The others, Sadie repeated as she walked down a dimly lit, green-carpeted hallway that smelled of wood polish and fresh-cut flowers, toward the sound of voices. One of her deepest secrets was that rooms full of strangers made her panic. All those eyes looking at her. It was idiotic, she knew, a sign of weakness she hated. The only person she’d ever admitted it to was her best friend, Decca, who loved attention and whose first reaction had been to laugh.

“You’re pretty, impeccably groomed, and, thanks to me, well dressed. If I wasn’t so self-centered, I’d totally hate you. What are you afraid of people seeing?”

“I don’t know. My mind freezes up, and I can’t think of anything to say.”

“Pretend you’re at a debate tournament,” Decca suggested. “You always have plenty to say there.”

Sadie had shaken her head. “That’s different. We prepare for that. I know exactly what’s going on, what I’m being judged on. What the rules are.”

Decca shrugged one shoulder. “So make up your own rules.”

Sadie remembered feeling shocked. “You can’t just make rules up.”

“Rule one,” Decca said, holding up a finger, “breathe. Rule two, pause in the doorway and survey the scene and tell yourself you’re going to have a good time. Rule three—”

“You want me to stop in the doorway so people can stare at me longer?” Sadie asked incredulously.

“It will make you appear quietly confident,” Decca assured her. “Nothing diffuses hostility like quiet confidence.”

“You should be secretary of state,” Sadie said.

“Rule three,” Decca went on, ignoring her, “get a beverage. And rule four, talk to the cutest guy in the room.”

“I think I liked the hanging-around-in-the-door part better. You know there’s no way I’m going to seek out the cutest guy in the room and start chatting with him.”

Decca looked at her pityingly. “Of course not. You won’t have to go looking for him; he’ll already be standing next to you.”

Sadie had laughed and said, “I think you’re talking about yourself.” Which was true. But the memory of the conversation made her feel a little better as she turned a corner and found herself on the threshold of a room filled with people.

It was large and square, the wood-paneled walls hung with portraits of someone’s distinguished ancestors. A large brass chandelier lit a round table with an elaborate bouquet of flowers in the middle, surrounded by tiers of muffins, scones, croissants, and individual coffee cakes. There was a silver coffee urn to one side, and servers in dark pants and shirts circulated, refilling cups and clearing plates.

The other Fellows clustered around the pastries, making halting conversation and eyeing the doors cagily, watching to see if anyone important was coming in. Sadie could tell that every one of them was used to being number one and that none of them was excited to share that position. She took a deep breath and felt like she could smell the animosity in the air.

In Decca’s honor she paused just inside the doorway, but she only had time to repeat “This is going to be fun” once before she heard a soft click and the doors closed behind her.
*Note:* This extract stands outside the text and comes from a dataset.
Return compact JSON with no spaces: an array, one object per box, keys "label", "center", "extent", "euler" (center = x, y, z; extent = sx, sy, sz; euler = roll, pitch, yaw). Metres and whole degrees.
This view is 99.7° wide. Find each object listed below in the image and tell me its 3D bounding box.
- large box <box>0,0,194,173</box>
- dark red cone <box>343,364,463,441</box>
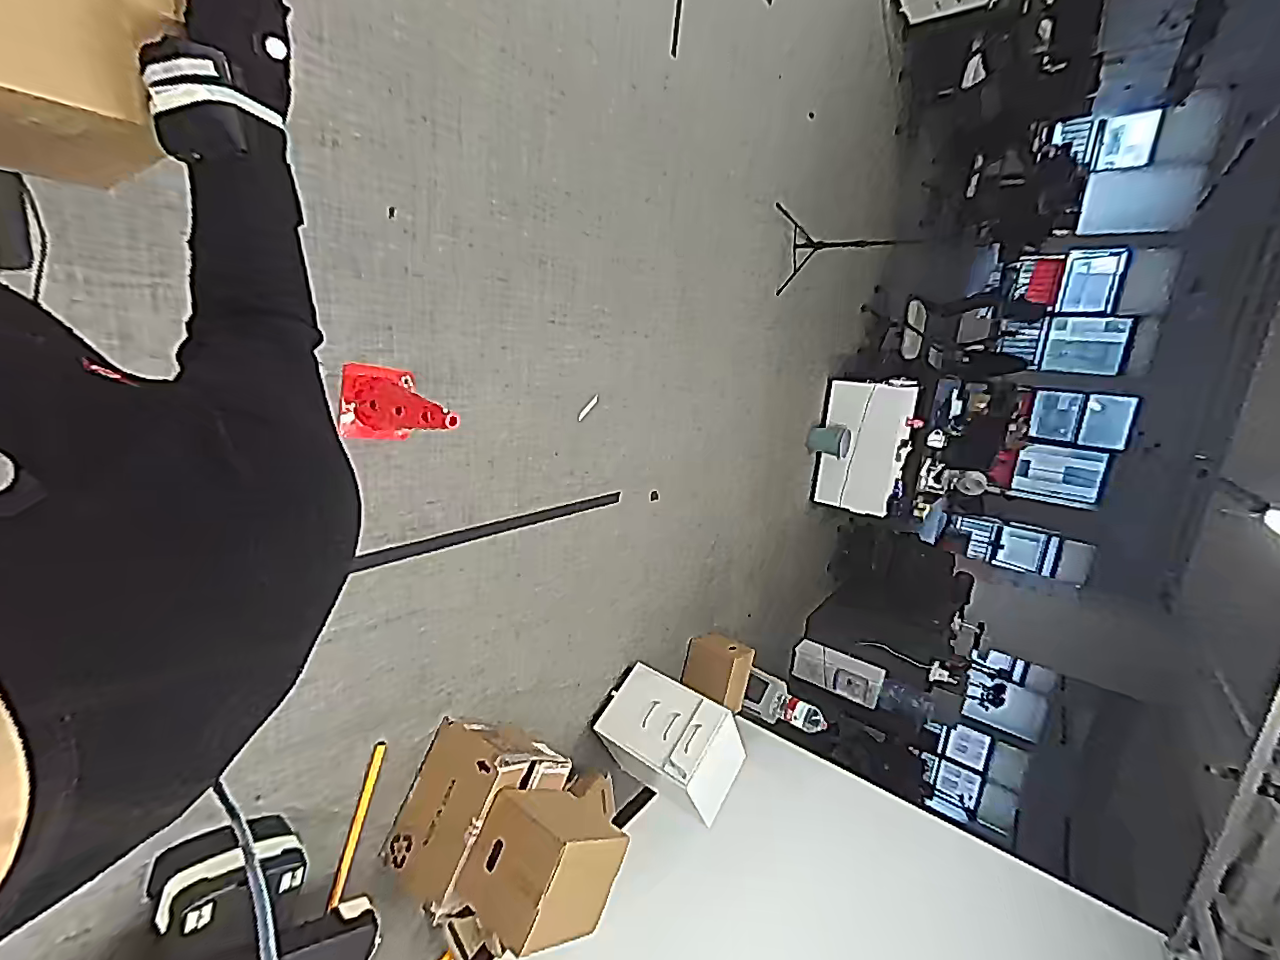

A moment later someone clinked a spoon against a water glass, and all eyes swiveled toward the other end of the room, where Curtis Pinter, the man who had interviewed her, was standing.

He wore a well-cut navy blue suit and a light blue oxford-cloth shirt with no tie. He looked younger than he had at the interview, only a few years older than the Fellows, in his early twenties.
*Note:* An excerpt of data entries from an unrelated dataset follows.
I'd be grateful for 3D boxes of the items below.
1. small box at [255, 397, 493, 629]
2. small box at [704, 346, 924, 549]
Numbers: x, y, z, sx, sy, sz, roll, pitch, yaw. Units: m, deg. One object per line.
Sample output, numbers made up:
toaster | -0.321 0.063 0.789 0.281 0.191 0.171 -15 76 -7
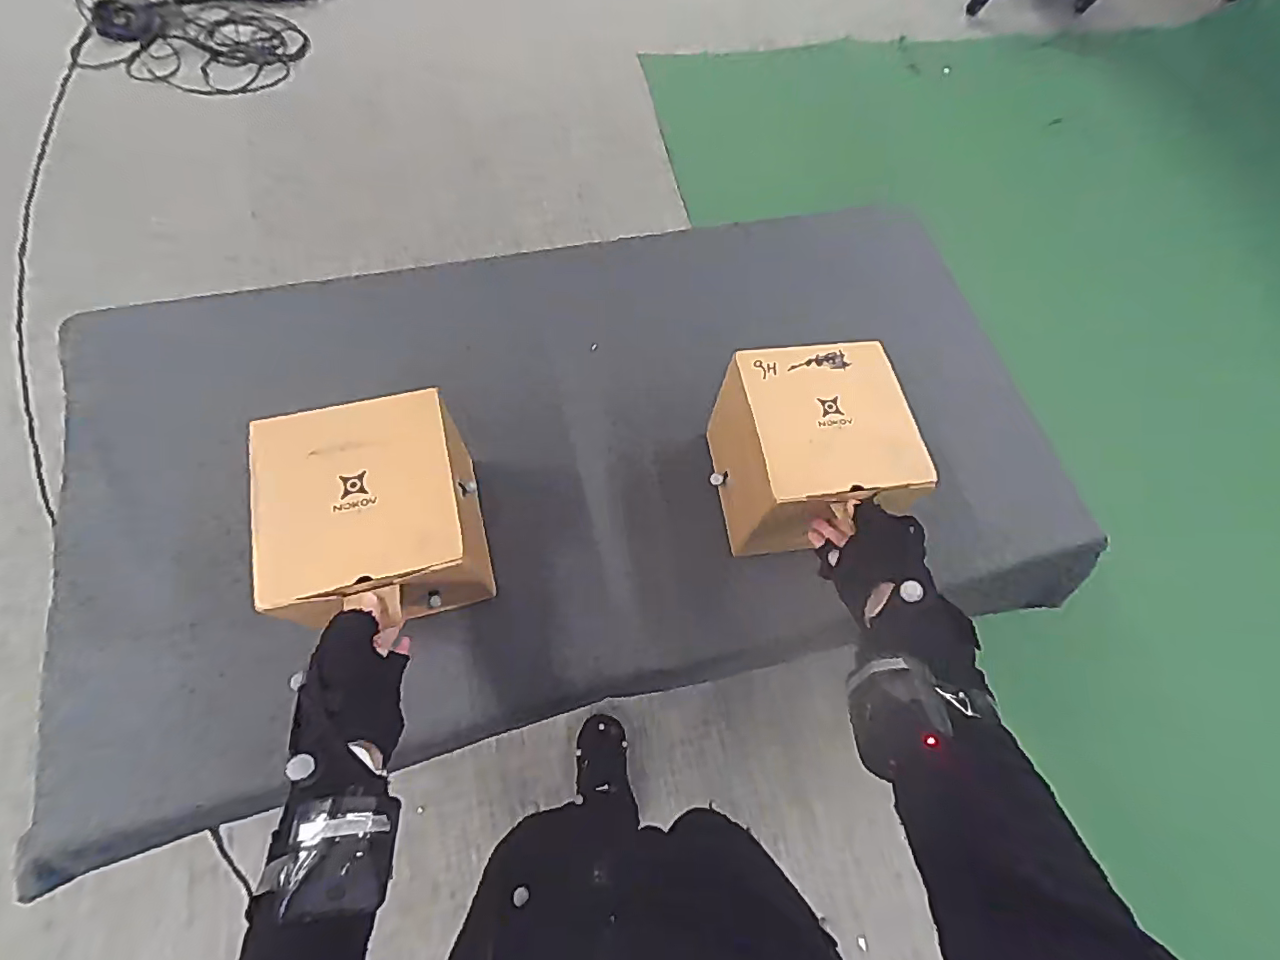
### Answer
small box | -0.257 0.045 0.552 0.168 0.176 0.179 -14 69 -10
small box | 0.179 -0.027 0.618 0.168 0.176 0.179 -6 66 -7

With his wavy dark hair falling forward and his eyes and skin the color of expensive honey, he also looked much more handsome. Definitely the cutest guy in the room.
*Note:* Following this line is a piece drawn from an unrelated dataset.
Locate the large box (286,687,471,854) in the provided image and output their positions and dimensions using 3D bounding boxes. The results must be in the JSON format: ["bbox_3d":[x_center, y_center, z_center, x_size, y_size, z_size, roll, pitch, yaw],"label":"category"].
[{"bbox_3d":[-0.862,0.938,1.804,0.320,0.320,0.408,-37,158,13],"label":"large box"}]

As though he knew what she’d been thinking, his eyes met hers, and he gave a small, wry smile. Sadie felt her pulse speed up, and her cheeks got warm. She was relieved when his eyes moved past her, taking in the room at large.

Like a master showman he let the silence stretch until the anticipation and excitement in the air was almost unbearable. Without preamble he said, “Imagine seeing inside Picasso’s brain while he was painting. Sitting in while Shakespeare thought of ‘To be or not to be.’ Hearing what Mozart heard as he penned Don Giovanni. If we’d known then what we know now, we could have. You could have.”